The coordination function is carried out, first of all, through the composition of the 11 members of the committee; they are designated by the competent ministers6, by the bodies of regulation and supervision over intermediaries and financial markets7, by the National Council of Consumers and Users (CNCU), and the Supervisory Body and Financial Adviser Register (OCF).

We want to emphasize that the commission’s composition is broad and composite to effectively coordinate the activities of all the main players in financial education in the country.

The committee has developed a National Strategy for Financial Education, starting from financial literacy data (in line with what we outlined in the previous section) and from the analysis of the financial educational initiatives so far implemented [28]. The strategy consists of three points: the definition of the vision and mission, the main guidelines for its implementation, and the criteria for the evaluation of the strategy.

The long-term strategy of the nation is very ambitious, creating conditions for everyone to have access to knowledge and financial expertise so that they can build a peaceful and secure future. It considers the need to create an “ecosystem” that promotes coordinated and effective financial, insurance, and social security education initiatives.

Two main lines are used to develop it:

  • Large-scale initiatives aimed at a wide audience to promote financial literacy using media and public advertising tools and

  • a system of incentives8 designed to encourage initiatives in specific social groups, coordinated with third parties.

The strategy is based on criteria of excellence, not to disperse resources in initiatives of poor quality and limited impact, which could prove counterproductive and collaboration because only the coordination of initiatives can produce good results, incisive, and lasting. In particular, the committee aims to encourage collaboration with associations and nonprofit organizations that allow to reach widely large segments of the population, particularly those who are most vulnerable.

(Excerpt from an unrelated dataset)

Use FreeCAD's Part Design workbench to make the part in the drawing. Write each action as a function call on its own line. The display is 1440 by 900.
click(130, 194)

Moving from strategy to “national plans,” these are clearly operational and outline in a concrete way the main initiatives. They were first implemented for the three-year period 2017–2019 and continued until 2020 due to COVID-19, and then declined annually for the three-year period 2021–2023. These were set, considering priorities toward target groups, as follows:

  • 2021: Financial and digital literacy and upskilling for women and young people;

  • 2022: Financial and e-skills literacy and upskilling for all adults, including the elderly, to be achieved, where possible, also in the workplace;

  • 2023: Financial and digital literacy and upskilling for micro and small enterprises.

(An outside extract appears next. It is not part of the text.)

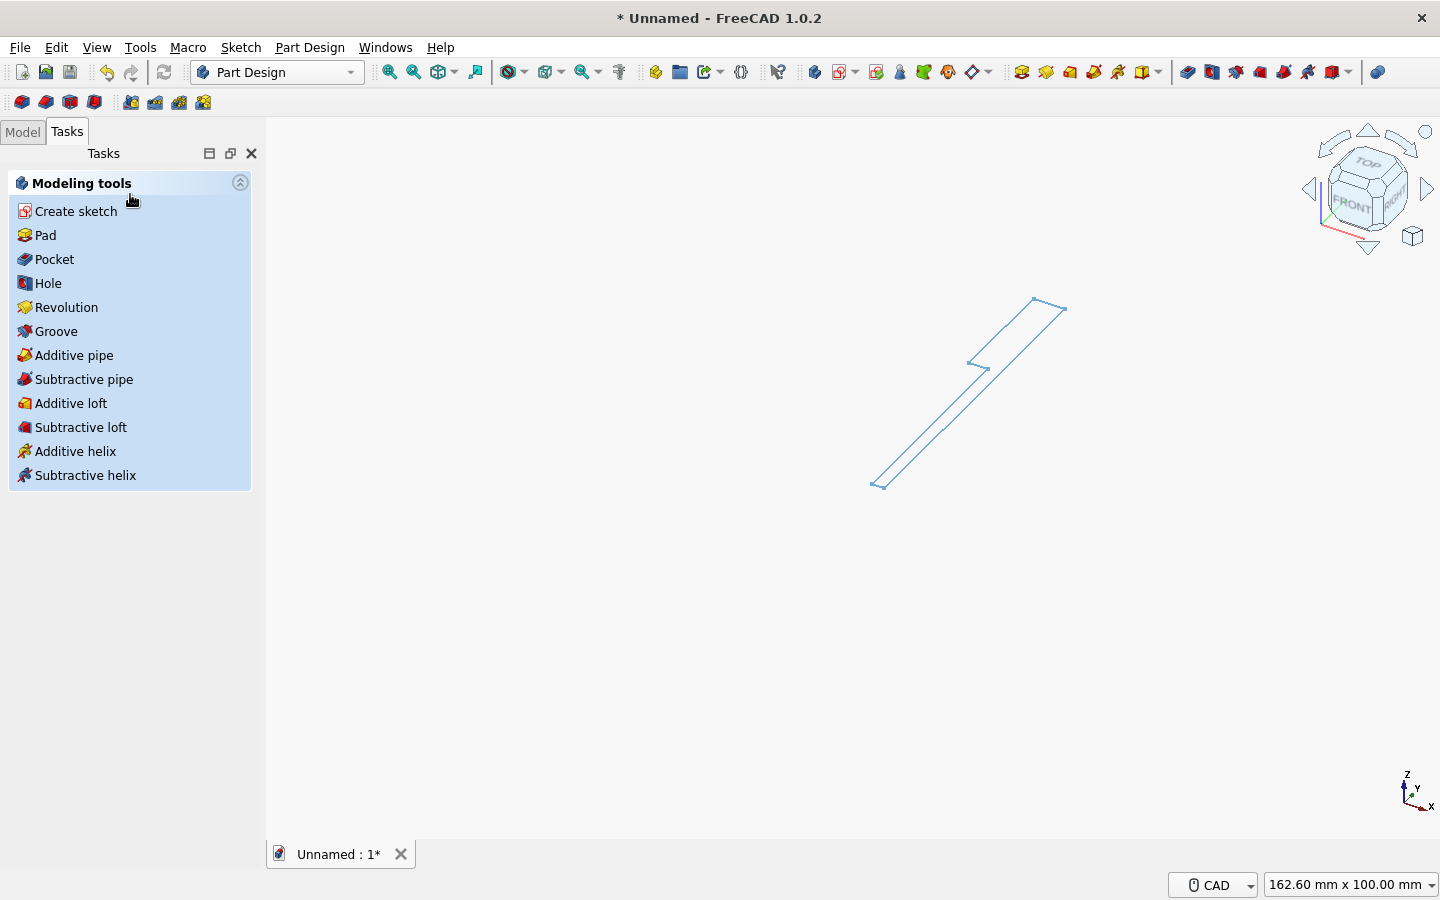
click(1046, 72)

Among activities, we can mention various coordination tasks and support to international initiatives such as The Month of the Financial Literacy in October, the Global Money Week, promoted by OCSE, the World Investor Week (WIW), promoted by IOSCO, and many others.

As for the assessment, given that the population’s knowledge basis changes slowly over time, the achievement of the aforementioned goals will be assessed over a five-year period and will be based on periodic sample surveys.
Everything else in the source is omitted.